LONDON (AP) - A former top United Nations official cited FIFA leaders who “violate … standards of good conduct” when she resigned from a role monitoring integrity at soccer’s world body.
South African judge Navi Pillay said in an email published on Friday that FIFA put “undue influence” on her governance committee colleague Miguel Maduro, who barred Russian deputy prime minister Vitaly Mutko from re-election to FIFA’s ruling council.
The former U.N. High Commissioner for Human Rights resigned in May - days after FIFA ousted Maduro - in an email to FIFA secretary general Fatma Samoura now published by a British parliamentary committee.
Pillay told Samoura, who left the U.N. to join FIFA last year, that its integrity rules guarded against “improper interference, exercise of influence or pressure” on officials who were appointed to be independent.
“I adhere to principled conduct at all times; and cannot countenance serving in an institution, whose officials violate the norms and standards of good conduct, that they themselves adopted,” Pillay wrote.
Maduro met with British lawmakers on Wednesday and told how Samoura and FIFA President Gianni Infantino pressured him to protect Mutko.
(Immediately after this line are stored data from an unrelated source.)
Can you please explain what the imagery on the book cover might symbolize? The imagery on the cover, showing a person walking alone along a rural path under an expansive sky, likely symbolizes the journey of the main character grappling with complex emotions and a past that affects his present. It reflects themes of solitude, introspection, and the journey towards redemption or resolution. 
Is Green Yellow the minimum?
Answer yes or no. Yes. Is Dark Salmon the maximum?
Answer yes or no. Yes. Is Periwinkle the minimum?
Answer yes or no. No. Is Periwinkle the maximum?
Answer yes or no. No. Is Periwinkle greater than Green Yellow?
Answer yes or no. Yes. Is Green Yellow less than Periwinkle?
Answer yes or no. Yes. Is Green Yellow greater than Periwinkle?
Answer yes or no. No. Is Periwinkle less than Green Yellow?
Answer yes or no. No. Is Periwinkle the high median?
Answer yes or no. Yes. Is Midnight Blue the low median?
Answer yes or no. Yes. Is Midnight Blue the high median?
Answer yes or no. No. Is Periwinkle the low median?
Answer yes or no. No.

Blocking Mutko over rules prohibiting government interference would be a “disaster” for the 2018 World Cup and threaten Infantino’s presidency, Maduro claimed Samoura told him.
Mutko was forced to give up his FIFA Council seat representing European soccer, though continues to chair Russia’s committee organizing the 2018 World Cup.
Maduro’s ouster provoked three independent colleagues to resign in protest: Pillay, corporate human rights expert Ron Popper, and New York University law professor Joseph Weiler.
Weiler confirmed this week he has filed a complaint against Infantino to FIFA’s ethics committee. That panel is under new leadership after Infantino also orchestrated the exit in May of chief judge Hans-Joachim Eckert and prosecutor Cornel Borbely.
FIFA on Wednesday dismissed Maduro’s claims as “factually incorrect.”